One of the most common mantras in film and video production is “show, don’t tell” and I know I probably say that to our clients at least once a week, but what does it actually mean? Well, the most obvious answer is that film is a visual medium that affords us unique opportunities to tell stories and share information that other mediums do not. I touched on this in a previous blog, but today I want to focus on that specific mantra, “show, don’t tell”, and how it helps us use engaging video to teach.

Let’s start with a powerful, yet simple example; look at the image below.


What is it? You’re all tilting your heads and staring at me incredulously right now saying, “It’s a heart, anyone can see that” and you’d be right. The thing is though, is it? Here’s an anatomically accurate drawing of a heart.


They really look barely anything alike, and even this anatomical drawing is itself a representation. A lifetime of training via our families, friends and culture have taught us though, that the red thing with two bumps on top and a pointed bottom is a heart and that’s all the information we need. It even works with a pretty abstract image like this one.

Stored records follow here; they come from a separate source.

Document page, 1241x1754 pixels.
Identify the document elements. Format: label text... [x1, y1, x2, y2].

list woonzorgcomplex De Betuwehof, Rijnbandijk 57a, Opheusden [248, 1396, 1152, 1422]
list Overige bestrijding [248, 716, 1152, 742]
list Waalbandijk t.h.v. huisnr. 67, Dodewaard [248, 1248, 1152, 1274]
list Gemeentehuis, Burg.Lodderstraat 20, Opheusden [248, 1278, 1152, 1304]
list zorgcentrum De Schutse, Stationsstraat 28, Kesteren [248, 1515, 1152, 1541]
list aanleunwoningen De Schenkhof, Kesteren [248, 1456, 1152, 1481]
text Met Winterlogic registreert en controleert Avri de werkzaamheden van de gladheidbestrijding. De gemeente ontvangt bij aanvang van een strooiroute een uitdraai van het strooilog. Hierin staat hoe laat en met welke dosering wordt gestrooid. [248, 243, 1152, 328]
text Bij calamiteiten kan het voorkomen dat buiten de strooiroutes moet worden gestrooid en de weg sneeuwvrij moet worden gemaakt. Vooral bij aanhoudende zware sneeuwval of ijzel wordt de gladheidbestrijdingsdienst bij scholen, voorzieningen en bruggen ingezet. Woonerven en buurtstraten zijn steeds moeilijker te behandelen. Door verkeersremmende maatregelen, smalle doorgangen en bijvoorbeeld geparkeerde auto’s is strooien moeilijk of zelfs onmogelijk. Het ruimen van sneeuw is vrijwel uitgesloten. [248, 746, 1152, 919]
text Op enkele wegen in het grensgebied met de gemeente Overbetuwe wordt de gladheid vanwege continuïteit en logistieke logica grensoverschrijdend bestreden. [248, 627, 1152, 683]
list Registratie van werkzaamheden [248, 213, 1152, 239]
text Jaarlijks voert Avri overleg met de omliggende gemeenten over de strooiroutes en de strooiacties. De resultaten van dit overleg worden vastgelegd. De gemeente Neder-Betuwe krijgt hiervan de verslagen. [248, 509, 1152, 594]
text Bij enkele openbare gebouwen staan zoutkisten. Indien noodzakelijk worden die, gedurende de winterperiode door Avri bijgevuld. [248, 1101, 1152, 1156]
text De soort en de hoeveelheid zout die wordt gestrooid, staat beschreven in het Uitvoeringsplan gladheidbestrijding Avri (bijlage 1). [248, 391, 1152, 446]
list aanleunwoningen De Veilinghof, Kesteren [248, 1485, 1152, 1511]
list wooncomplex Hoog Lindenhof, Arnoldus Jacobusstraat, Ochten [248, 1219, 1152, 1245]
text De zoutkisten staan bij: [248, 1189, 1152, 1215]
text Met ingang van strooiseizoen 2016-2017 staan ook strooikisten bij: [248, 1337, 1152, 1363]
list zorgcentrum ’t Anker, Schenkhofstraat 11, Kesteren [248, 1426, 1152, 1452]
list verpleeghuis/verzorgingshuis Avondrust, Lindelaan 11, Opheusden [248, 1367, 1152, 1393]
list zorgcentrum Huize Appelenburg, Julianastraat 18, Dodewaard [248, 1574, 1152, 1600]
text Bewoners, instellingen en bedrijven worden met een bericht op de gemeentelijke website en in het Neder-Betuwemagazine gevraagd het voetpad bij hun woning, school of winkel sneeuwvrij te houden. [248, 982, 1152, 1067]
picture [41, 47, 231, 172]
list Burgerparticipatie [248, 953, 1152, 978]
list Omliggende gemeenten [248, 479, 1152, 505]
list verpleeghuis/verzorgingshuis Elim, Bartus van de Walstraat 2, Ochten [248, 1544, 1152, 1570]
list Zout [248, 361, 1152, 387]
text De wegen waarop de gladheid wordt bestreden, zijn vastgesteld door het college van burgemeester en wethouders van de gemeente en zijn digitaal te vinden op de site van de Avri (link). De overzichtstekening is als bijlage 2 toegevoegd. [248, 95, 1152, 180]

Our minds are filled with literally hundreds, maybe thousands of these representational shorthand images, and film is rife with them, allowing us to distill something that might take pages to explain in a novel, or several minutes to explain verbally into just a few seconds of visual storytelling. One of the most common ways that film and television does this is with “The Establishing Shot”. This is a shot, or series of shots at the beginning of a film, an episode, or even at the beginning of a scene that gives the viewer a wealth of information, without them even having to think very much about it. It can tell us where the story takes place, time of year, weather. It can introduce us to the main characters of the story and tell us things about them; their careers, their health, their fitness level, their economic status and so much more. These are details that would take pages to unravel in a written story but a keen eyed viewer takes them all in in mere seconds, without very much effort. If you want to take a deeper look at “The Establishing Shot”, watch this video essay which breaks it down very well.

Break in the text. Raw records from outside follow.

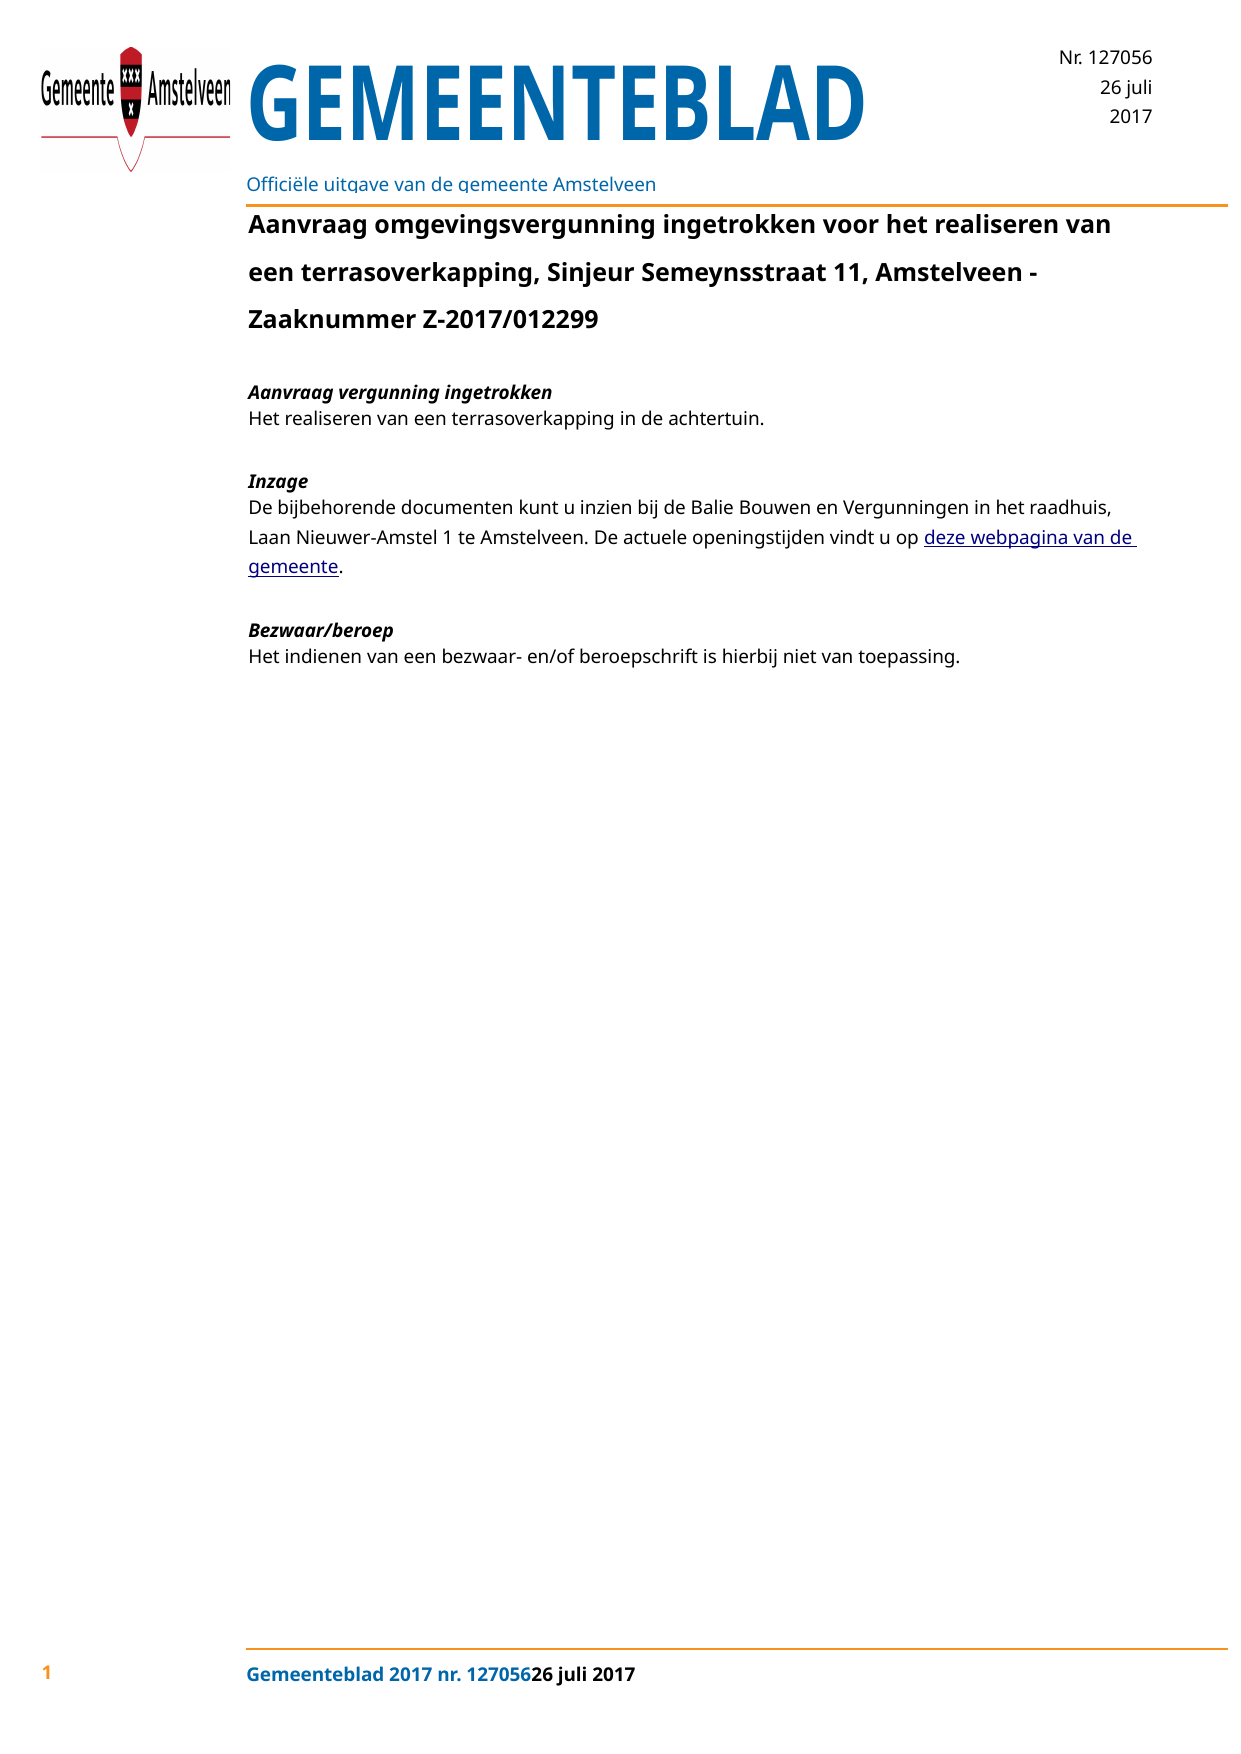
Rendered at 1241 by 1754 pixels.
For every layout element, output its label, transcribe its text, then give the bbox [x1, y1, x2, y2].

text De bijbehorende documenten kunt u inzien bij de Balie Bouwen en Vergunningen in het raadhuis, Laan Nieuwer-Amstel 1 te Amstelveen. De actuele openingstijden vindt u op deze webpagina van de gemeente. [248, 494, 1152, 579]
text Inzage [248, 469, 1152, 494]
text Aanvraag omgevingsvergunning ingetrokken voor het realiseren van een terrasoverkapping, Sinjeur Semeynsstraat 11, Amstelveen - Zaaknummer Z-2017/012299 [248, 207, 1152, 336]
text Het indienen van een bezwaar- en/of beroepschrift is hierbij niet van toepassing. [248, 643, 1152, 669]
text Aanvraag vergunning ingetrokken [248, 379, 1152, 405]
text Bezwaar/beroep [248, 618, 1152, 643]
text Het realiseren van een terrasoverkapping in de achtertuin. [248, 405, 1152, 431]
picture [41, 47, 231, 172]

The Establishing Shot from jessica sinopoli on Vimeo.

I could list literally hundreds of examples of the visual shorthand used to tell stories visually but here are just a few that might ring familiar to you. Good guys wear white or light colours, bad guys wear black. If you want to create ambiguity or subvert expectations you can switch that up. When a character is embarking on a journey or leaving home they generally travel from left to right, and of course when they return home it’s usually left to right. I’ve included some photo examples of these below.


(Top photo: Luke Skywalker, Star Wars. Middle photo: Darth Vader, Star Wars. Bottom photo: The party embarks, Lord of the Rings)

The ways that we can show information to the viewer rather than just telling you, are almost limitless. If you really want to learn some of the tropes and tricks we use to show you story check out this glossary from on the Rules of Perception which takes the idea of visual shorthand and extends that into the realm of sound effects and other special effects.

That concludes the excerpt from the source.